The journey back to the awareness of our natural state of being is through the healing of our relationships. Each one we encounter on this journey is there to help us remember who we really are. They come into our lives so we may change our mind and look beyond their appearance to their irrefutable wholeness hidden by what we think we see. We offer the miracle of healing our relationships by offering each other the awareness of their wholeness as we join with them in Oneness.

In this world, We come closest to ourselves in a holy relationship. There we begin to find the certainty our Creator has in them. And there we find our function of restoring our Creator’s laws to what was held outside them, and finding what was lost. Only in time can anything be lost, and never lost forever. So do the parts of the One Child gradually join in time, and with each joining is the end of time brought nearer. Each miracle of joining is a mighty herald of eternity. No one who has a single purpose, unified and sure, can be afraid. No one who shares their purpose with them can not be one with them.   T-20.V.1:1-8

We are the heralds of eternity. We are the ones who call out in the darkness proclaiming light that shines away the darkness. Once we awaken to the light and wholeness within us we begin to remember we are all joined in Oneness. The light within each and every one of us has never dimmed nor was ever extinguished. We simply, in our denial of our own light, shuttered our light so we could not see it ourselves. Our partners on our journey could see our light, but we denied it was there and refused to see it reflected in their faces. Thus, we created a symbolic hell of the darkness we believed was there. We can open the shutters with which we blocked our light. This is what begins our return to the awareness of reality and eternity.

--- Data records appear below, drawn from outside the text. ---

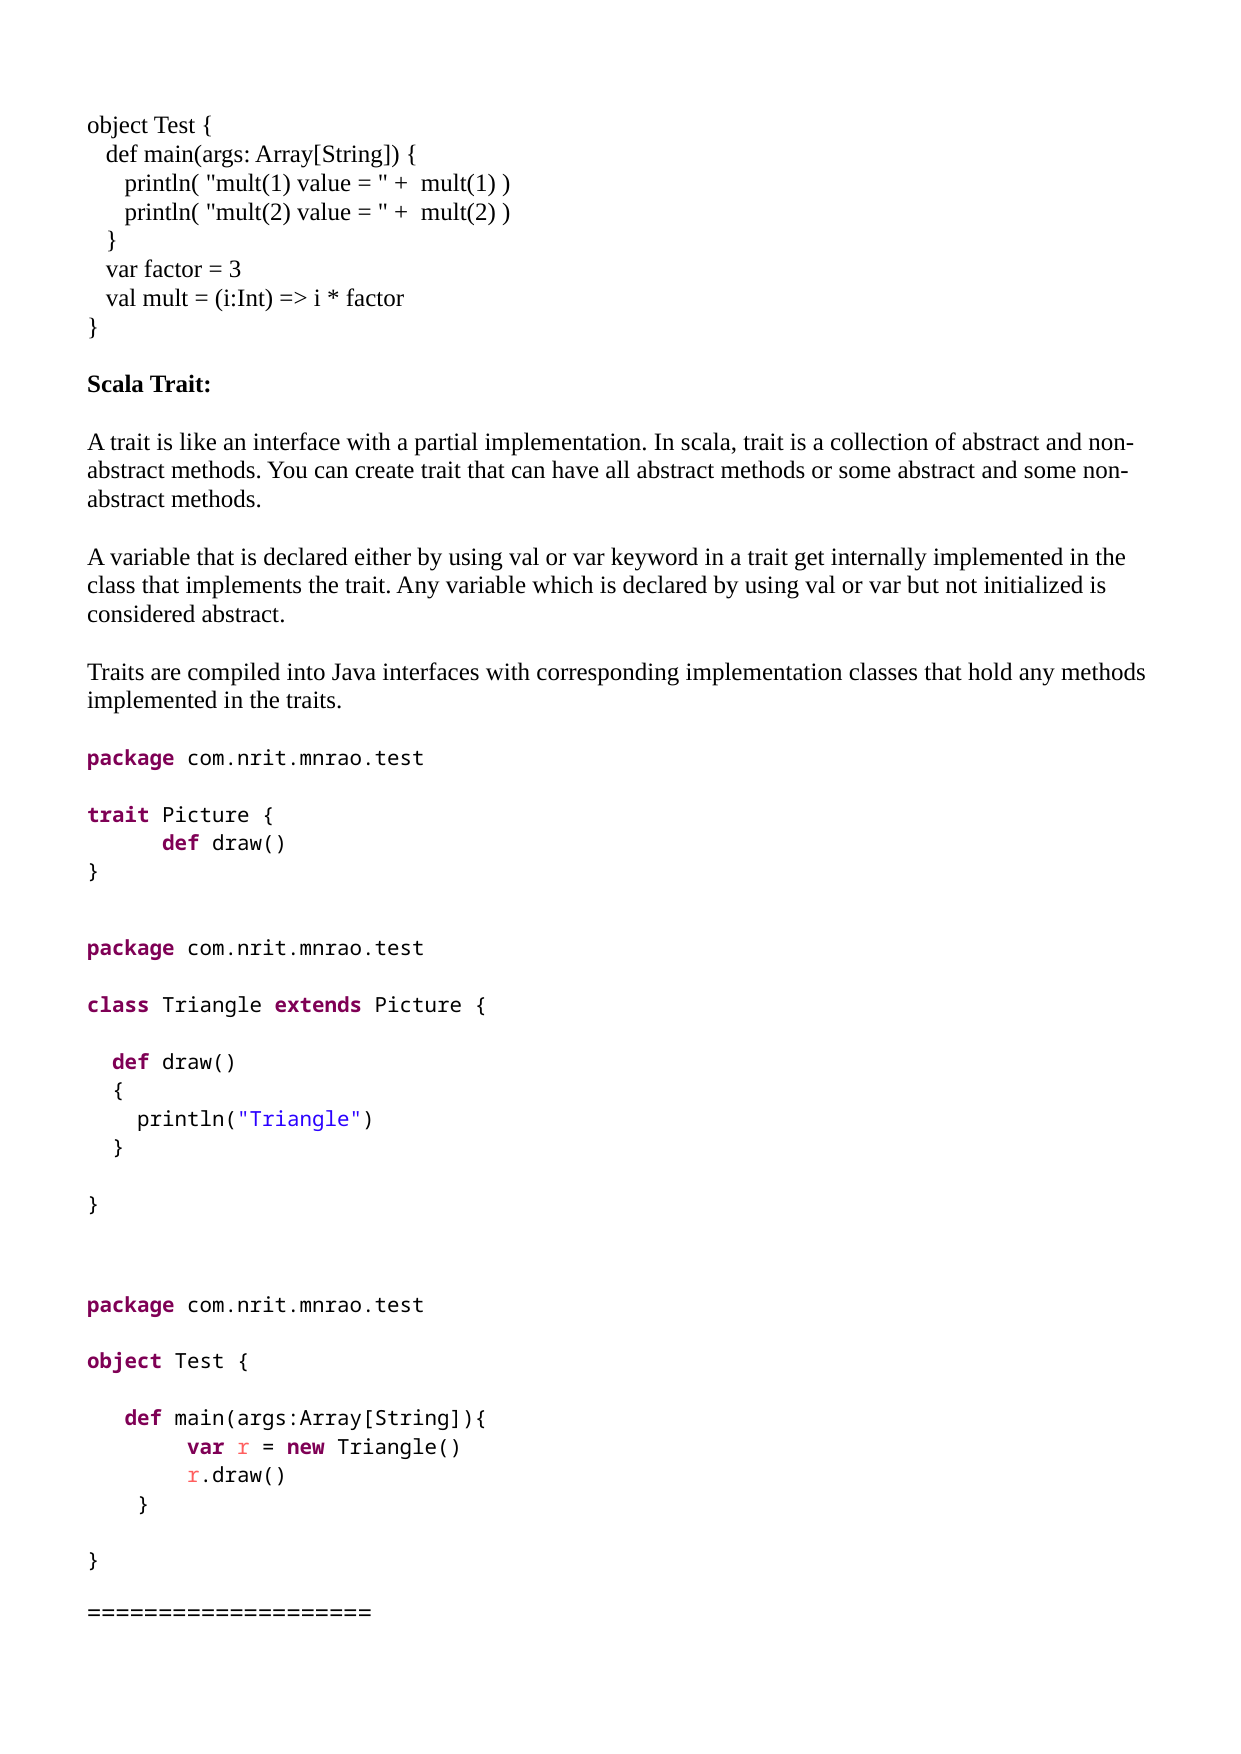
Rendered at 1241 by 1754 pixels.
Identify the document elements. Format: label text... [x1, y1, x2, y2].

text A trait is like an interface with a partial implementation. In scala, trait is a collection of abstract and non-abstract methods. You can create trait that can have all abstract methods or some abstract and some non-abstract methods. [87, 427, 1155, 513]
text var r = new Triangle() [87, 1432, 1155, 1460]
text println( "mult(2) value = " + mult(2) ) [87, 197, 1155, 225]
text Scala Trait: [87, 369, 1155, 398]
text package com.nrit.mnrao.test [87, 933, 1155, 962]
text } [87, 1546, 1155, 1574]
text { [87, 1075, 1155, 1104]
text def main(args:Array[String]){ [87, 1403, 1155, 1432]
text } [87, 225, 1155, 254]
text class Triangle extends Picture { [87, 990, 1155, 1018]
text package com.nrit.mnrao.test [87, 1290, 1155, 1318]
text def draw() [87, 828, 1155, 857]
text var factor = 3 [87, 254, 1155, 283]
text val mult = (i:Int) => i * factor [87, 283, 1155, 312]
text A variable that is declared either by using val or var keyword in a trait get internally implemented in the class that implements the trait. Any variable which is declared by using val or var but not initialized is considered abstract. [87, 542, 1155, 628]
text } [87, 1189, 1155, 1217]
text object Test { [87, 1347, 1155, 1375]
text def draw() [87, 1047, 1155, 1075]
text println( "mult(1) value = " + mult(1) ) [87, 168, 1155, 197]
text } [87, 1489, 1155, 1517]
text } [87, 312, 1155, 340]
text object Test { [87, 110, 1155, 139]
text Traits are compiled into Java interfaces with corresponding implementation classes that hold any methods implemented in the traits. [87, 657, 1155, 714]
text } [87, 857, 1155, 885]
text r.draw() [87, 1460, 1155, 1489]
text } [87, 1132, 1155, 1161]
text trait Picture { [87, 800, 1155, 828]
text package com.nrit.mnrao.test [87, 743, 1155, 771]
text ==================== [87, 1598, 1155, 1627]
text def main(args: Array[String]) { [87, 139, 1155, 168]
text println("Triangle") [87, 1104, 1155, 1132]
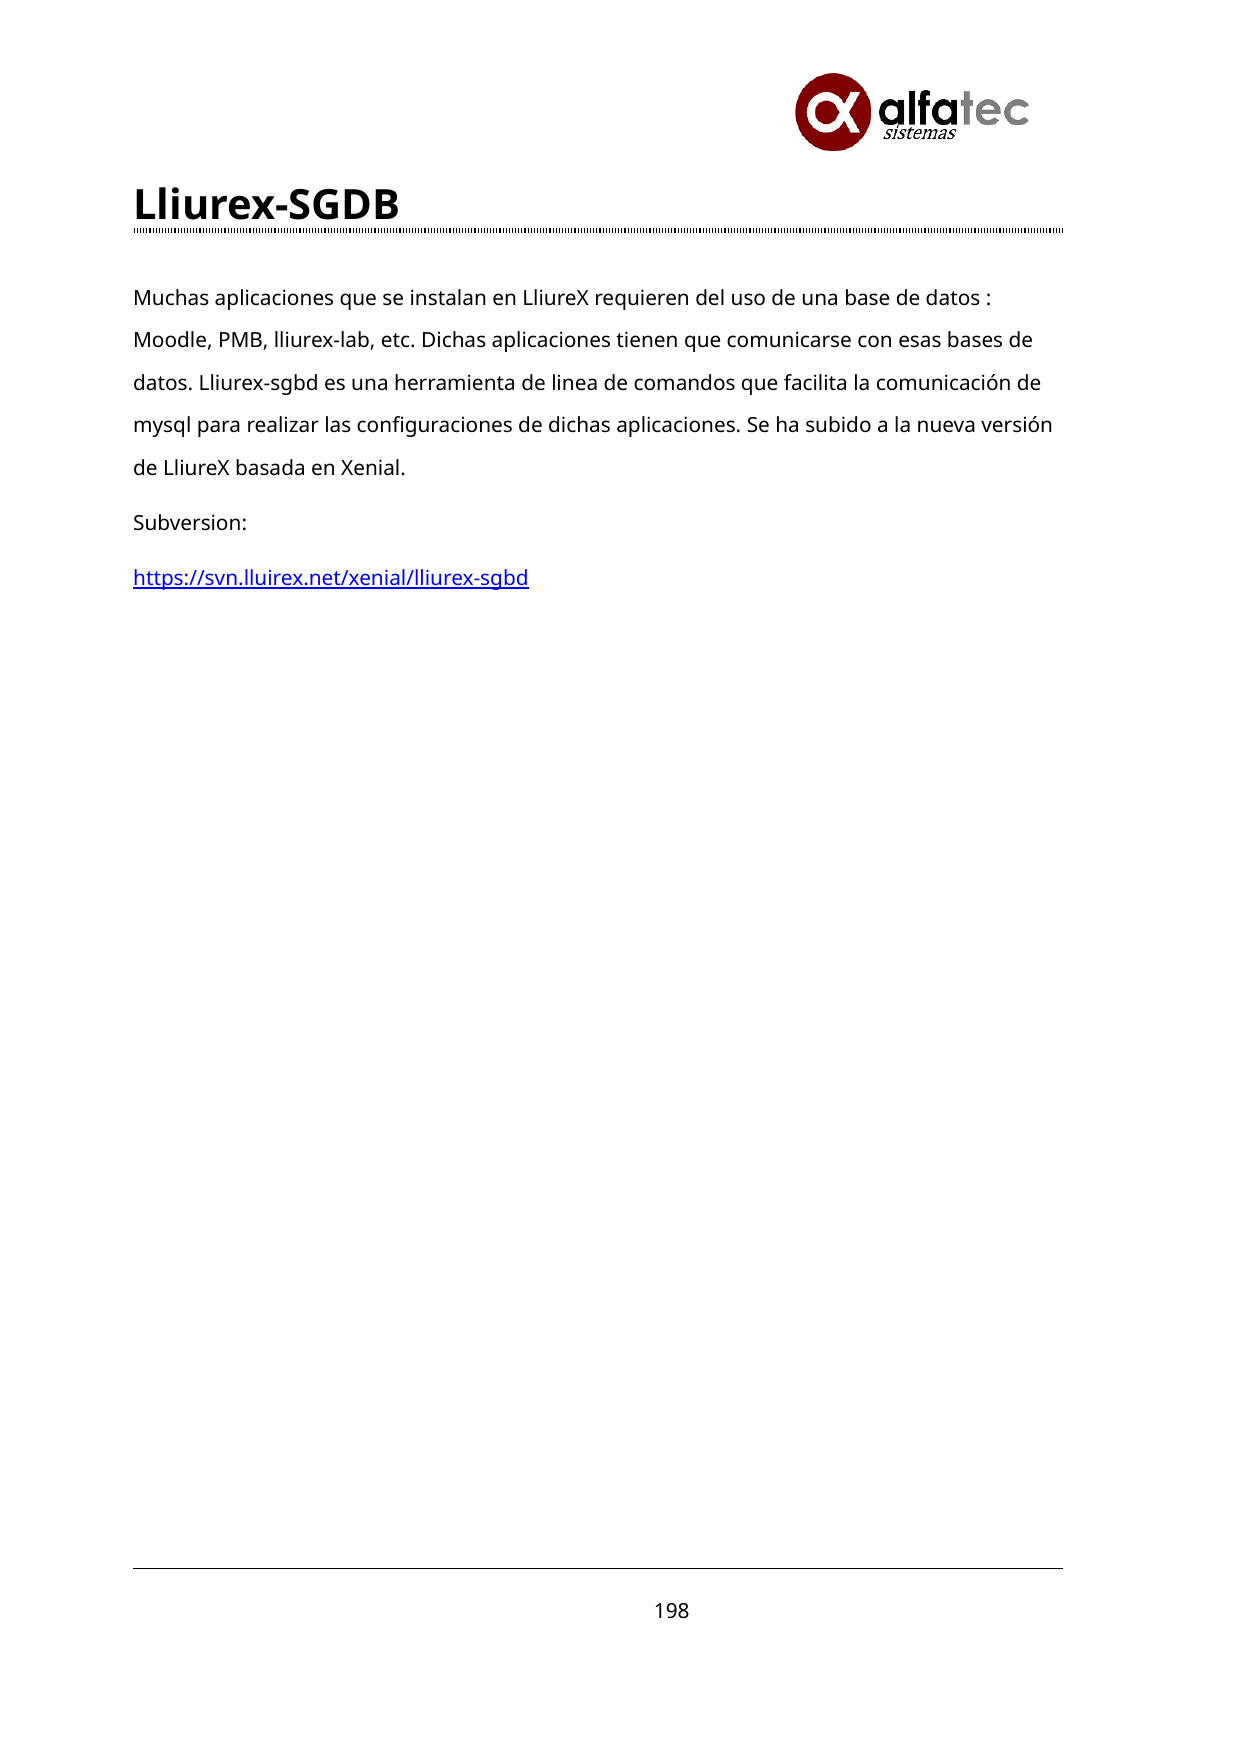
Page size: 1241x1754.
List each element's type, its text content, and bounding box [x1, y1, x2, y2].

text Muchas aplicaciones que se instalan en LliureX requieren del uso de una base de datos : Moodle, PMB, lliurex-lab, etc. Dichas aplicaciones tienen que comunicarse con esas bases de datos. Lliurex-sgbd es una herramienta de linea de comandos que facilita la comunicación de mysql para realizar las configuraciones de dichas aplicaciones. Se ha subido a la nueva versión de LliureX basada en Xenial. [133, 283, 1063, 482]
text https://svn.lluirex.net/xenial/lliurex-sgbd [133, 563, 1063, 592]
subtitle Lliurex-SGDB [133, 193, 1063, 233]
text Subversion: [133, 508, 1063, 537]
picture [795, 73, 1031, 151]
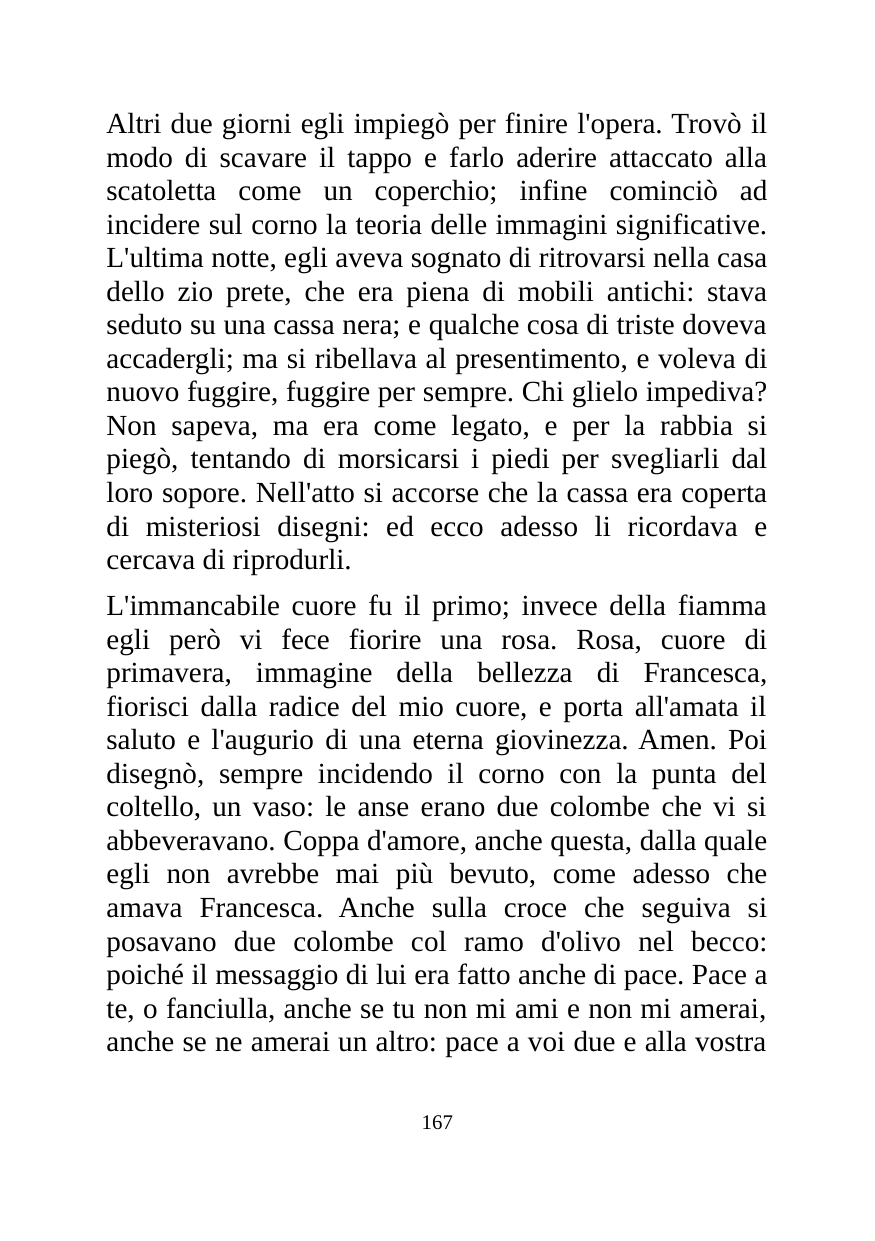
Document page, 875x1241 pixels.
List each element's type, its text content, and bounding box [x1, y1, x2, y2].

text Altri due giorni egli impiegò per finire l'opera. Trovò il modo di scavare il tappo e farlo aderire attaccato alla scatoletta come un coperchio; infine cominciò ad incidere sul corno la teoria delle immagini significative. L'ultima notte, egli aveva sognato di ritrovarsi nella casa dello zio prete, che era piena di mobili antichi: stava seduto su una cassa nera; e qualche cosa di triste doveva accadergli; ma si ribellava al presentimento, e voleva di nuovo fuggire, fuggire per sempre. Chi glielo impediva? Non sapeva, ma era come legato, e per la rabbia si piegò, tentando di morsicarsi i piedi per svegliarli dal loro sopore. Nell'atto si accorse che la cassa era coperta di misteriosi disegni: ed ecco adesso li ricordava e cercava di riprodurli. [106, 106, 768, 576]
text L'immancabile cuore fu il primo; invece della fiamma egli però vi fece fiorire una rosa. Rosa, cuore di primavera, immagine della bellezza di Francesca, fiorisci dalla radice del mio cuore, e porta all'amata il saluto e l'augurio di una eterna giovinezza. Amen. Poi disegnò, sempre incidendo il corno con la punta del coltello, un vaso: le anse erano due colombe che vi si abbeveravano. Coppa d'amore, anche questa, dalla quale egli non avrebbe mai più bevuto, come adesso che amava Francesca. Anche sulla croce che seguiva si posavano due colombe col ramo d'olivo nel becco: poiché il messaggio di lui era fatto anche di pace. Pace a te, o fanciulla, anche se tu non mi ami e non mi amerai, anche se ne amerai un altro: pace a voi due e alla vostra [106, 588, 768, 1058]

Each herald of eternity sings of the end of sin and fear. Each speaks in time of what is far beyond it. Two voices raised together call to the hearts of everyone, to let them beat as one. And in that single heartbeat is the unity of love proclaimed and given welcome. Peace to your holy relationship, which has the power to hold the unity of the One Child together. You give to your friend for everyone, and in your gift is everyone made glad. Forget not Who has given you the gifts you give, and through your not forgetting this, will you remember Who gave the gifts to this One to give to you.   T-20.V.2:1-7

Offer your relationships to Spirit for healing. In this offer, you can rest assured you will see correctly. You will see you friend as they truly are, whole and complete. In their healed appearance will you see your whole and complete Self reflected back to you. You will see you relationship joined in Oneness, never again to be seen as separate. Your example will be the Herald of Eternity shining in Holy Oneness for others to see and return to. Let the light within you shine. It truly is the Light of world.